## What the task requires
Tally the lines of these entries that include "instances"; respond with only that tally.

## Dataset
•••
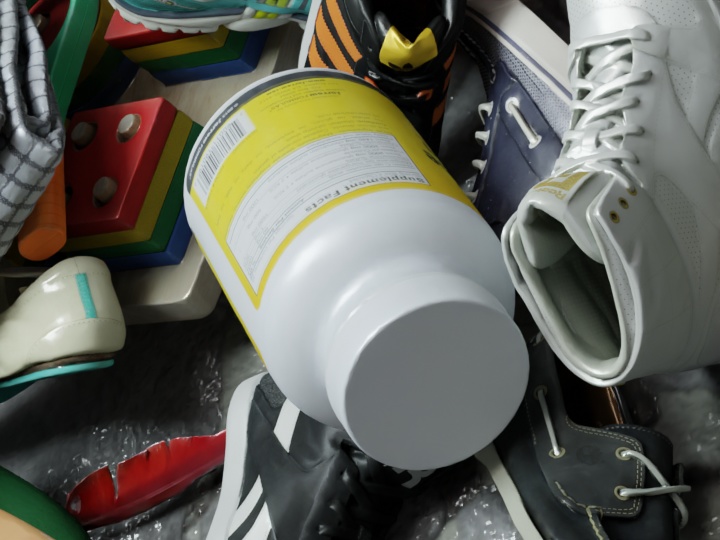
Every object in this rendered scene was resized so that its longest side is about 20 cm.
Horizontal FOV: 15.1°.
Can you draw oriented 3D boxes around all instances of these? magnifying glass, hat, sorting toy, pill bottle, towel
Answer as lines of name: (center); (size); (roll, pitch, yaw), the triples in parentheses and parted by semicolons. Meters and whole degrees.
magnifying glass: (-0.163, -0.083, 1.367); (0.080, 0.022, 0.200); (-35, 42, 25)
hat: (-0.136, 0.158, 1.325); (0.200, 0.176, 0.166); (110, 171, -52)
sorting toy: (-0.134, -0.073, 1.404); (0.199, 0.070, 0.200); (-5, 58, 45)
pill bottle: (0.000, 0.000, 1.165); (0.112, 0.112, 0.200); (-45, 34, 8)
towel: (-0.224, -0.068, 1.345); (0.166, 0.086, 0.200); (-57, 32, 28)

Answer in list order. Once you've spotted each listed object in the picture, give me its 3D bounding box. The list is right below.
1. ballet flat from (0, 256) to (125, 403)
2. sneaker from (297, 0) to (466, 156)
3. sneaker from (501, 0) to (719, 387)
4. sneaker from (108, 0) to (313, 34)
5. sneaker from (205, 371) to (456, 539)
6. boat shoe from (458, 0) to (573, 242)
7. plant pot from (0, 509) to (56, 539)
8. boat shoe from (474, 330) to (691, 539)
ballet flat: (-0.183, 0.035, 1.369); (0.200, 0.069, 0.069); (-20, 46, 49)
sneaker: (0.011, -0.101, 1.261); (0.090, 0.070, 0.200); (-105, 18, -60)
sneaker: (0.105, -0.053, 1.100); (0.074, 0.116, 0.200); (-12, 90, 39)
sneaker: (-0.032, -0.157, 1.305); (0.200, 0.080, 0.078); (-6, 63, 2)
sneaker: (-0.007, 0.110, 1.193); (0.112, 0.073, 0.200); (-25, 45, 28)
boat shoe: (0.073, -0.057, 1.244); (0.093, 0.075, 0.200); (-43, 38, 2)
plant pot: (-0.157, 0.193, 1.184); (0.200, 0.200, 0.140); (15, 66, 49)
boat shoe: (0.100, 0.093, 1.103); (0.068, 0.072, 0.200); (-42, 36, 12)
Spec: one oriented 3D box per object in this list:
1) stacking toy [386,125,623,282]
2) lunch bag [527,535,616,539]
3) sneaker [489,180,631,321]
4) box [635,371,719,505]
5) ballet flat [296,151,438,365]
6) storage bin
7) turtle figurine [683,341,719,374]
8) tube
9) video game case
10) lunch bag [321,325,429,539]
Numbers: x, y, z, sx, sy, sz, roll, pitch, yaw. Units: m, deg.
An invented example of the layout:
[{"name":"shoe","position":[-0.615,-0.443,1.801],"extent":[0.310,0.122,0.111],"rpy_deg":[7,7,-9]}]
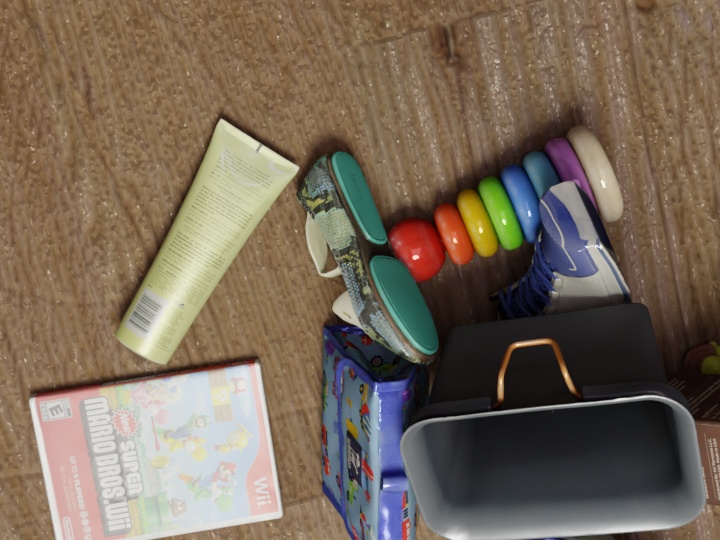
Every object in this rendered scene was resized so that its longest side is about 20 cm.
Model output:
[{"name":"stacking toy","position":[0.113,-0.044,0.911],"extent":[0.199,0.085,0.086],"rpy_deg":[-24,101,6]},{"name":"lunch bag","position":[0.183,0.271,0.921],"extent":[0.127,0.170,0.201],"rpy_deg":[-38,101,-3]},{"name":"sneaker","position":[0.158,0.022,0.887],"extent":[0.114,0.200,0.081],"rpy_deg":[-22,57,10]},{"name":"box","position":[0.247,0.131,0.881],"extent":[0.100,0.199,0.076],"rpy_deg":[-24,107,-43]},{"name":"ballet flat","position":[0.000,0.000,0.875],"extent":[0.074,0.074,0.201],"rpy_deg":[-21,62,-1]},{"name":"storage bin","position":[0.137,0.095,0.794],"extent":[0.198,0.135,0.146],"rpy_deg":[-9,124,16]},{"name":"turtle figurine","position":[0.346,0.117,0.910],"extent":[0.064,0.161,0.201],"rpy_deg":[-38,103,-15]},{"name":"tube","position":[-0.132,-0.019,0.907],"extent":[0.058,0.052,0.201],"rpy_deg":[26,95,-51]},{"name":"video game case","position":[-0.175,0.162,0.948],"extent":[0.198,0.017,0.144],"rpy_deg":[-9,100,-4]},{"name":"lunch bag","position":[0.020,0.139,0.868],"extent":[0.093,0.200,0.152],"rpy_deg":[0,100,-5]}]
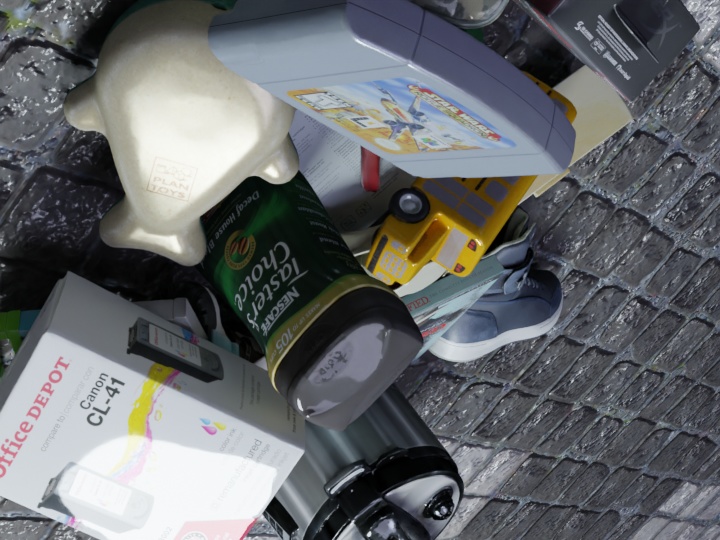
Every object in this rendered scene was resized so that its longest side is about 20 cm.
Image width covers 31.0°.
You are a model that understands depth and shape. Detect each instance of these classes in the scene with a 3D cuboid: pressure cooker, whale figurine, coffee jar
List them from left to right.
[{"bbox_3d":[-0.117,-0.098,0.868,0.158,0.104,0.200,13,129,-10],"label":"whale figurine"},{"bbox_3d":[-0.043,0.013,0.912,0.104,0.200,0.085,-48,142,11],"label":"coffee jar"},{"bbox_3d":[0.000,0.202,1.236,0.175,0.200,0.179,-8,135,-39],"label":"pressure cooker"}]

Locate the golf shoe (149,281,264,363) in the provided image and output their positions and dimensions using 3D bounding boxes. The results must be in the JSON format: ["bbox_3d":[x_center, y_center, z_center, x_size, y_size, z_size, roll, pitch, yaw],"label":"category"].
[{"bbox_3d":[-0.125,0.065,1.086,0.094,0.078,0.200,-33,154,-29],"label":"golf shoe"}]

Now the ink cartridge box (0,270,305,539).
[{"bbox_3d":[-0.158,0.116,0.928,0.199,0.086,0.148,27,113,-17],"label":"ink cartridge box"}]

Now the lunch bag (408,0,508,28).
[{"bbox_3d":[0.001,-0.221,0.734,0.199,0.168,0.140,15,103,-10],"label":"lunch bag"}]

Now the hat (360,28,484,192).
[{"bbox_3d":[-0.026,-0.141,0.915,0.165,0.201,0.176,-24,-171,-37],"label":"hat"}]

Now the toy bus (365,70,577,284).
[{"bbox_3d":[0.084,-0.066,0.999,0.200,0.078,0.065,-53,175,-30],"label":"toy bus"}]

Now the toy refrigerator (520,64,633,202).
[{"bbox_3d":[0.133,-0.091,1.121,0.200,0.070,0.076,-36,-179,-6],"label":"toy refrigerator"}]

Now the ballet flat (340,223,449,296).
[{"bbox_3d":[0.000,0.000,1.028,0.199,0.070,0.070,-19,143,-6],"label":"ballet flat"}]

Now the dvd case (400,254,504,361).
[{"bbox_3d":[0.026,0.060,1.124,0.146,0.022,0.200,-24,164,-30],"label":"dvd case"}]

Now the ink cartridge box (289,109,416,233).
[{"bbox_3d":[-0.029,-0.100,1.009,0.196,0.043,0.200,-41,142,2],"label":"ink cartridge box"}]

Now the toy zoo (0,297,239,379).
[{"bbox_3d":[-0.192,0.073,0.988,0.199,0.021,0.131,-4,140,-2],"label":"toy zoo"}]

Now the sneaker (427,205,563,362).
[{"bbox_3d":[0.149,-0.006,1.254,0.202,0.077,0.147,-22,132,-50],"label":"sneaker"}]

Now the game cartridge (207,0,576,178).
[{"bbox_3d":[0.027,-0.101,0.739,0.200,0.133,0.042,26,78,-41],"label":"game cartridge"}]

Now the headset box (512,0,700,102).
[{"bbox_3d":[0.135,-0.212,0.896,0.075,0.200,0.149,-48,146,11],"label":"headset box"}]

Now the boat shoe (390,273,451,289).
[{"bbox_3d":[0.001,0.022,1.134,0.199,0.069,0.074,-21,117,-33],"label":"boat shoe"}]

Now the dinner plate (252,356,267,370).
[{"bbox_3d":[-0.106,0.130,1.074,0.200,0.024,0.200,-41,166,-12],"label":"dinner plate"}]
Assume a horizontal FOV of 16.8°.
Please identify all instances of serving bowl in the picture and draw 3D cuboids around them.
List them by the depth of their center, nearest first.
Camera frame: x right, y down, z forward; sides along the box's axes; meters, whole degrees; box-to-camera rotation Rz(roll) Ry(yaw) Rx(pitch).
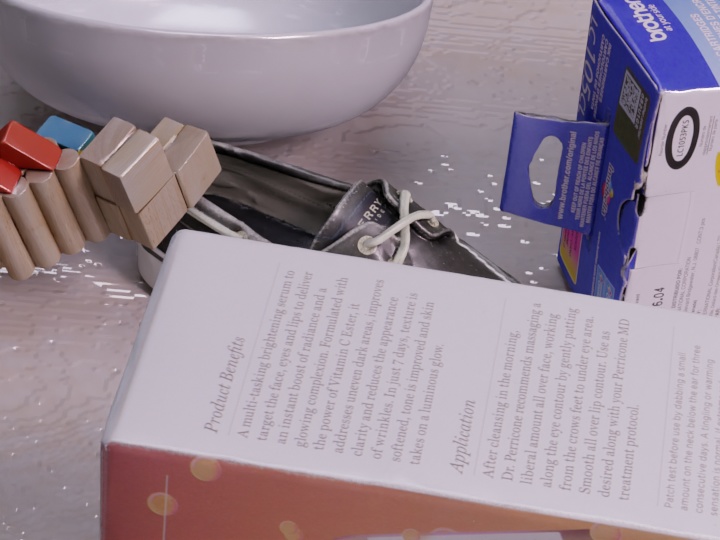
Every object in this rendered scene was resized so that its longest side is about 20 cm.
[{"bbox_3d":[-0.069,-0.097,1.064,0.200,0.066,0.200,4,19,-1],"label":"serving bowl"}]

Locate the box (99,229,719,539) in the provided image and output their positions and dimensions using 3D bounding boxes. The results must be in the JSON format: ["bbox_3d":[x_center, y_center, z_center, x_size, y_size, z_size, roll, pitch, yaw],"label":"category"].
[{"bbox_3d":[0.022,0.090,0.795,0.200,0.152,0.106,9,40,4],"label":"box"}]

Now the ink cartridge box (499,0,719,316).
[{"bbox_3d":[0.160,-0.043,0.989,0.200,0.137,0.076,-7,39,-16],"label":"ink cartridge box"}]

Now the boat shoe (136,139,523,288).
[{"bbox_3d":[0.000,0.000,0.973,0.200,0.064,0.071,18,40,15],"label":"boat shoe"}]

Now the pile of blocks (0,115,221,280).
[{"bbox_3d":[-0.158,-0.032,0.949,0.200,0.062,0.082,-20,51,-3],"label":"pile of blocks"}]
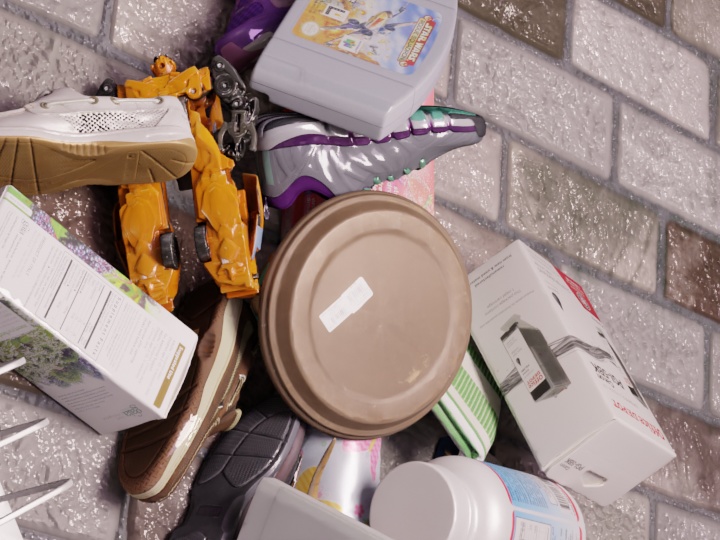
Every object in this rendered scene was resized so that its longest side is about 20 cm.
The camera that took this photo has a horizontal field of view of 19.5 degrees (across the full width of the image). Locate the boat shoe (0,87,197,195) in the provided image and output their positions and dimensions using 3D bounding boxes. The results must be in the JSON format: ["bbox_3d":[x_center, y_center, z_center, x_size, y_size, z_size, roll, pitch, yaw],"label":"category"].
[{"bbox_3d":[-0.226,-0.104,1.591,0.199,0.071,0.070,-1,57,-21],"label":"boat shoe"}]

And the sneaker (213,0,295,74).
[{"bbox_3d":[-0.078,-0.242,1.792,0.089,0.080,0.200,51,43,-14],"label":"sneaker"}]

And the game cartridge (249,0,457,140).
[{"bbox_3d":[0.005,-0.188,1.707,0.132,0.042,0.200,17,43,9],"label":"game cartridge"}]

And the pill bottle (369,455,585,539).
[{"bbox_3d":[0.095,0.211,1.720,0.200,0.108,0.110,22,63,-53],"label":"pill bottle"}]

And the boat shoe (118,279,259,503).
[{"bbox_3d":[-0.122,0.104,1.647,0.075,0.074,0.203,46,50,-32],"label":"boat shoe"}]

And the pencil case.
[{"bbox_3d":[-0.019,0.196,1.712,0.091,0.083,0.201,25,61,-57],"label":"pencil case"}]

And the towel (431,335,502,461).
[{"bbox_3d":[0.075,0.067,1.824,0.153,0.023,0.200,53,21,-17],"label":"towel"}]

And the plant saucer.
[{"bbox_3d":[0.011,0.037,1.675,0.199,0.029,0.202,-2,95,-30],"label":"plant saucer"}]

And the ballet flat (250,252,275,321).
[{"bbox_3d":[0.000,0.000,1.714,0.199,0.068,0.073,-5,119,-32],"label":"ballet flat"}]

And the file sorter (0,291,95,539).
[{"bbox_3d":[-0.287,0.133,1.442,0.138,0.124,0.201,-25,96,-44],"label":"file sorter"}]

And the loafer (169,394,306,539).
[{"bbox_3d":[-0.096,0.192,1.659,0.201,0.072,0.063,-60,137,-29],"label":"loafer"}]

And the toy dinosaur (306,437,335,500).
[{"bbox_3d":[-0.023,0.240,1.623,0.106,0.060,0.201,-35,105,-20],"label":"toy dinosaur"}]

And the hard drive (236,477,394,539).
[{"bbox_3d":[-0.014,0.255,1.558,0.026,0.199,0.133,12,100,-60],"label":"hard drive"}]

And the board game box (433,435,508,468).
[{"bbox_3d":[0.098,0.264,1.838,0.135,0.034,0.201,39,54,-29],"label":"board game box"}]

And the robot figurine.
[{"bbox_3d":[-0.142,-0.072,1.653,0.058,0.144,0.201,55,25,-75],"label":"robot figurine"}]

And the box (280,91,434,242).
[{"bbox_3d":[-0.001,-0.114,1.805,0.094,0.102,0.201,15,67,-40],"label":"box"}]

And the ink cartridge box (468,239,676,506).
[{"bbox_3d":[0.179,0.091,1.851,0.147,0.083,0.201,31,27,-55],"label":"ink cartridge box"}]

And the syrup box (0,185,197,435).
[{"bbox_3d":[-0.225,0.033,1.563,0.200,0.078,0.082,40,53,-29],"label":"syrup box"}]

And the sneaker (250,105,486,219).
•••
## Answer to the exercise
2